Années 30. Une ville de Caroline du Sud, des noirs exploités dans les champs de canne à sucre, certains pêcheurs, d'autres voyous, une histoire d'amour à sens unique et de trahison, de meurtre enfin et d'abandon. La musique, superbe, mélange jazz, blues (né dans la communauté noire du sud des U.S.A.), gospel, sous la main prodigieuse de Gershwin.

Un trio fatal entre Bess (belle,futile, à un moment repentante, mais traitresse enfin), Porgy (amoureux, loyal, juste, infirme, passionné) et Crown, (truand, macho, violent) vient servir de noyau à cette oeuvre où l'on aperçoit aussi la critique sociale aux blancs et où pour la première fois dans un opéra, des noirs sont les seuls protagonistes .

Allez-y!!!

Posté par oliveiraemflor à 18:49 - Commentaires [6] - Rétroliens [0] - Permalien [#]

20 octobre 2007

Pauvre Shakespeare!!!

Mercredi dernier, je suis allée au théâtre, chose qui me remplit de beaucoup plus de bonheur dernièrement que mes sorties nocturnes de Pub en Pub (Pub=Bar avec piste de danse, pour les casaniers ou hiboux diurnes...).

J'avais pour la première fois accepté d'emmener ma grande Laura avec moi, malgré l'heure (21h), en pensant que Roméo et Juliette ne pouvait pas froisser son âme pure de 12 ans, eh oui, je crois que son âme est encore pure, et alors?

Bref, imaginez un peu Roméo et Juliette en version "cité" de banlieue, langage sexuel, macho, vocabulaire et geste oscènes, complètement déphasé (avec, en plus des retours totalement impromptus au langage original), la fête où ils se rencontrent, au lieu d'un bal, une beuverie dans un square!, alcool à gogo et pétards (je regardais de temps en temps ma petite pour voir si elle n'était pas trop chocked), Une Juliette en mini-jupe avec laquelle on a du mal à comprendre pourquoi elle ne part pas avec son Jules illico presto, puisque c'est une fille moderne, libre, rebelle... Un Roméo pas un sous romantique, qui la tâte partout avant de lui promettre mariage (oui, on a eu droit aussi aux corps nus sur un lit, imaginant ce qu'ils pouvaient faire devant tous ces spectateurs ébahis).

La dague s'est transformée en revolver, mais comme l'histoire est déja écrite depuis bientôt quatre siècles, la fin est la même (avec retour à ce superbe langage qui nous a fait rêvé en cours lorsqu'on a étudié Shakespeare à l'école)

Bref, pas besoin de vous dire que pour une première (de ma fille), c'est loupé!

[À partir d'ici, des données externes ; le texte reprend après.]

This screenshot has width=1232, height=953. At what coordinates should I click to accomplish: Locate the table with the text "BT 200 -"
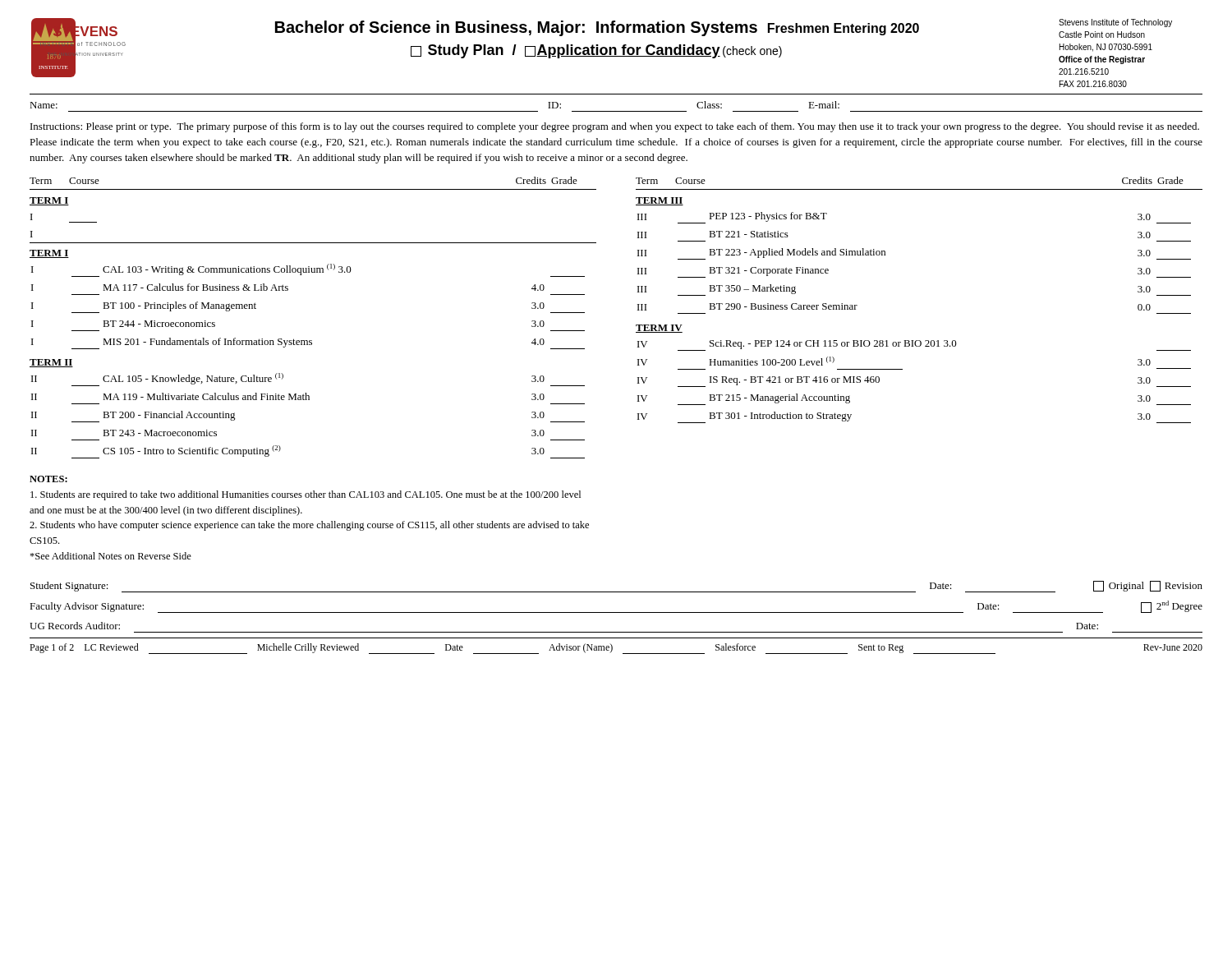[313, 352]

Nul! Archi Nul! Même elle a dit: "BOF!"

Versions modernes, ok, mais alors relookez tout, le texte aussi, sinon ce n'est ni Shakespeare, ni l'oeuvre du scénariste ou metteur en scène, c'est à peine une tentative de faire autre chose avec ce qui existe déja, et si ce qui existe est déja sublime, pourquoi vouloir le changer??? On connait le résultat!!!

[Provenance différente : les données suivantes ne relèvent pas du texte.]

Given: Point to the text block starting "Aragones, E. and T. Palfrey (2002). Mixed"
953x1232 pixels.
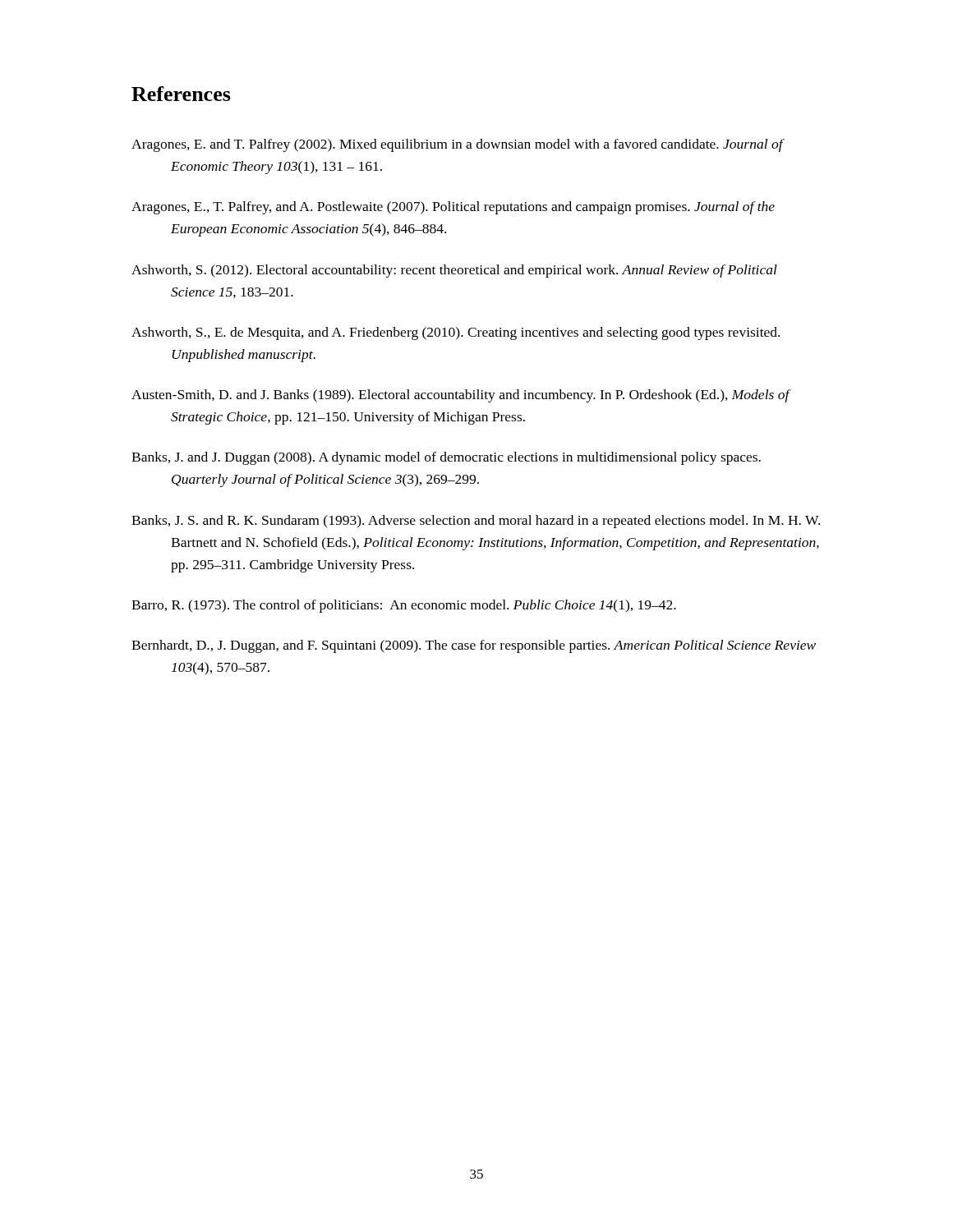Looking at the screenshot, I should coord(457,155).

Demain je vous raconte...hier j'ai fait une autre escapade, et je vous la raconterai dans le détail!

Posté par oliveiraemflor à 18:05 - Commentaires [1] - Rétroliens [0] - Permalien [#]

06 octobre 2007

UN AIR DE PRINTEMPS POUR CE DÉBUT D'AUTOMNE

LE PRINTEMPS

Sans aucun sens, sans aucun alibi,

Tu es entré en grand fracas

Dans ma vie.

Tu as posé tes pieds sur la table

Pour me dire “me voici”,

C’est fini.

Finis les doutes et les soupirs,

À toi de dire le dernier mot,

À toi de rire.

Depuis, je vis un double jeu,

Je trépide devant l’inconu

J’ouvre les yeux.

Et le monde est plus clair

Depuis que je le savoure

Sans oeillères.

Le même monde pourtant

Qui, il y a si peu de temps

Me glaçait les veines.

Le voilà qui m’ouvre les bras

Pour me dire qu’il y a

Des oasis.

Enfin c’est le printemps

Et c’est ma peau qui fleurit

Quand tu me prends.

Posté par oliveiraemflor à 12:32 - Commentaires [4] - Rétroliens [0] - Permalien [#]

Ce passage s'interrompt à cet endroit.